# Image Captioning
Generate descriptive captions for images using multimodal models.

In [None]:
def generate_image_caption(model, encoded_image):
    """Generate a descriptive caption for an image."""
    prompt = "Please provide a detailed description of this image."
    return send_multimodal_query(model, encoded_image, prompt)
# Example usage
caption = generate_image_caption(model, encoded_image)
print("Image Caption:", caption)

# Image Processing
Basic image processing and encoding for multimodal applications.

In [None]:
import base64
from PIL import Image
from io import BytesIO
def encode_image(image_path):
    """Convert image to base64 for model input."""
    with open(image_path, "rb") as image_file:
        encoded_string = base64.b64encode(image_file.read()).decode('utf-8')
    return encoded_string
def process_image(image_path, target_size=(224, 224)):
    """Process image for model input."""
    image = Image.open(image_path)
    image = image.resize(target_size)
    return image
# Example usage
image_path = "example.jpg"
encoded_image = encode_image(image_path)
processed_image = process_image(image_path)

# Multimodal model setup	
Basic setup for working with multimodal AI models using IBM watsonx.ai platform.

In [None]:
from ibm_watsonx_ai import Credentials
from ibm_watsonx_ai.foundation_models import ModelInference
from ibm_watsonx_ai.foundation_models.schema import TextChatParameters
credentials = Credentials(
    url="https://us-south.ml.cloud.ibm.com",
)
params = TextChatParameters(
    temperature=0.2,
    top_p=0.5,
    max_tokens=2000
)
model = ModelInference(
    model_id="meta-llama/llama-3-2-90b-vision-instruct",
    credentials=credentials,
    project_id="skills-network",
    params=params
)

# Multimodal query	
Send a combined text and image query to a multimodal model.

In [None]:
def send_multimodal_query(model, encoded_image, prompt):
    """Send combined text and image query to model."""
    messages = [{
        "role": "user",
        "content": [
            {
                "type": "text",
                "text": prompt
            },
            {
                "type": "image_url",
                "image_url": {
                    "url": f"data:image/jpeg;base64,{encoded_image}"
                }
            }
        ]
    }]
    response = model.chat(messages=messages)
    return response['choices'][0]['message']['content']
# Example usage
response = send_multimodal_query(model, encoded_image, prompt)
print("Model Response:", response)

# Text processing	
Basic text processing and prompt engineering for multimodal applications.	

In [None]:
def create_prompt(image_description, user_query):
    """Create a structured prompt for multimodal analysis."""
    prompt = f"""
    Analyze the following image and answer the question.
    Image Description: {image_description}
    User Query: {user_query}
    Please provide a detailed response that:
    1. Describes the image content
    2. Answers the specific question
    3. Provides relevant context
    """
    return prompt
# Example usage
image_desc = "A cat sitting on a windowsill"
user_question = "What is the cat doing?"
prompt = create_prompt(image_desc, user_question)

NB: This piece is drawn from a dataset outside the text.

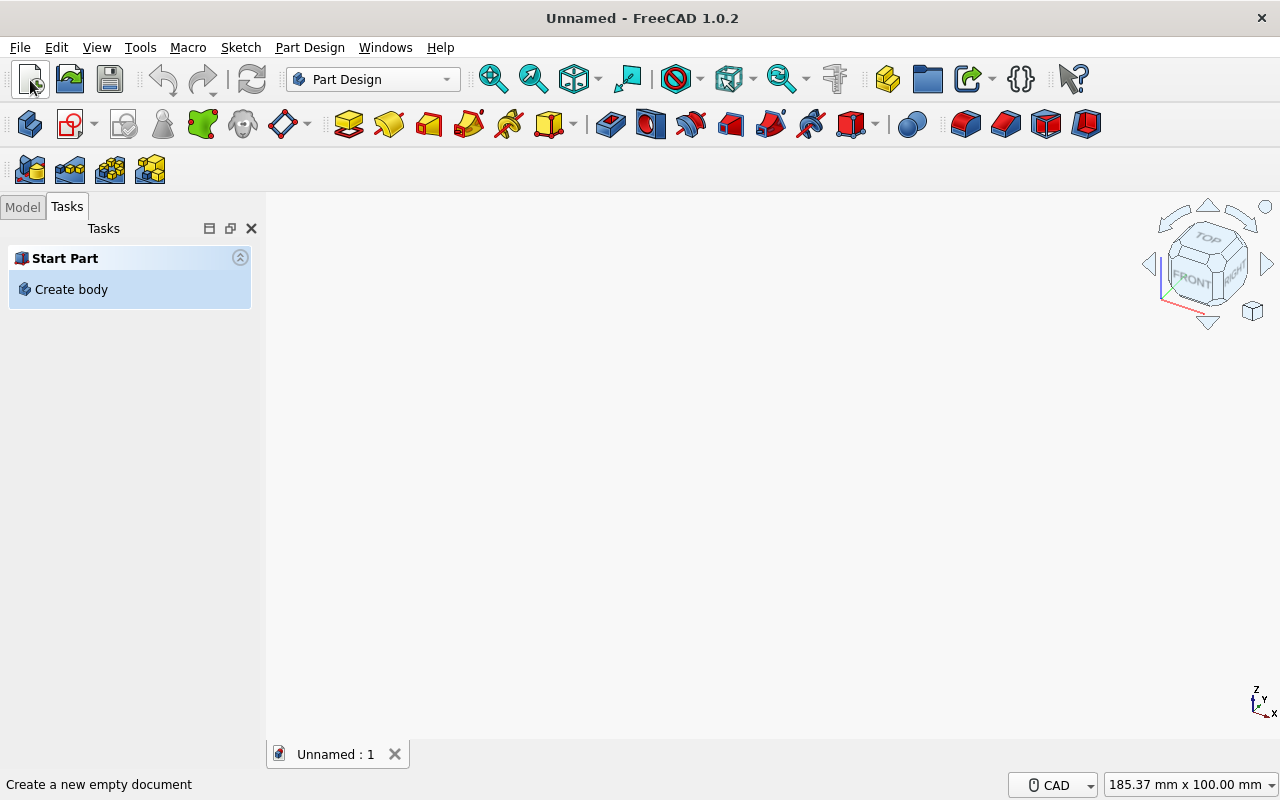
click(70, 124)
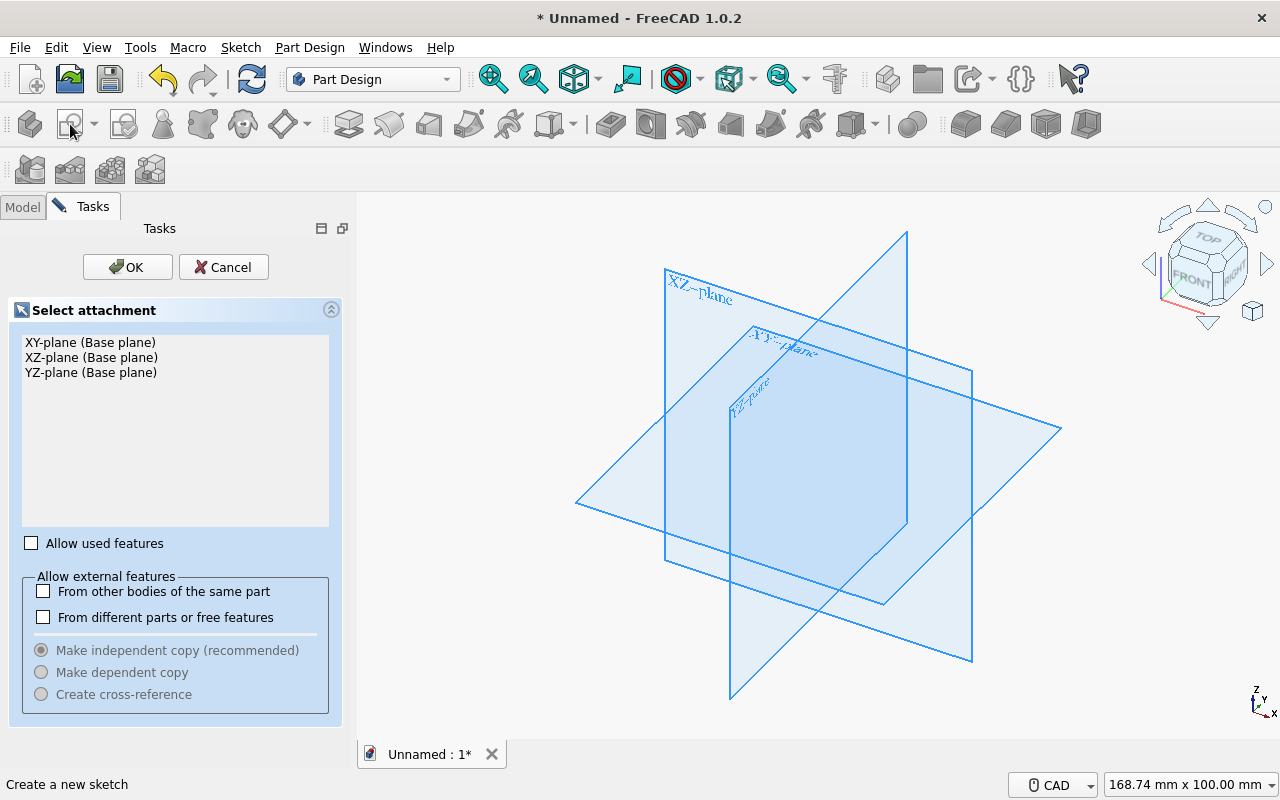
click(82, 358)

# Visual question answering	
Answer questions about image content using multimodal models.	

In [None]:
def visual_question_answering(model, encoded_image, question):
    """Answer questions about image content."""
    prompt = f"Please answer the following question about the image: {question}"
    return send_multimodal_query(model, encoded_image, prompt)
# Example usage
question = "What color is the cat in the image?"
answer = visual_question_answering(model, encoded_image, question)
print("Answer:", answer)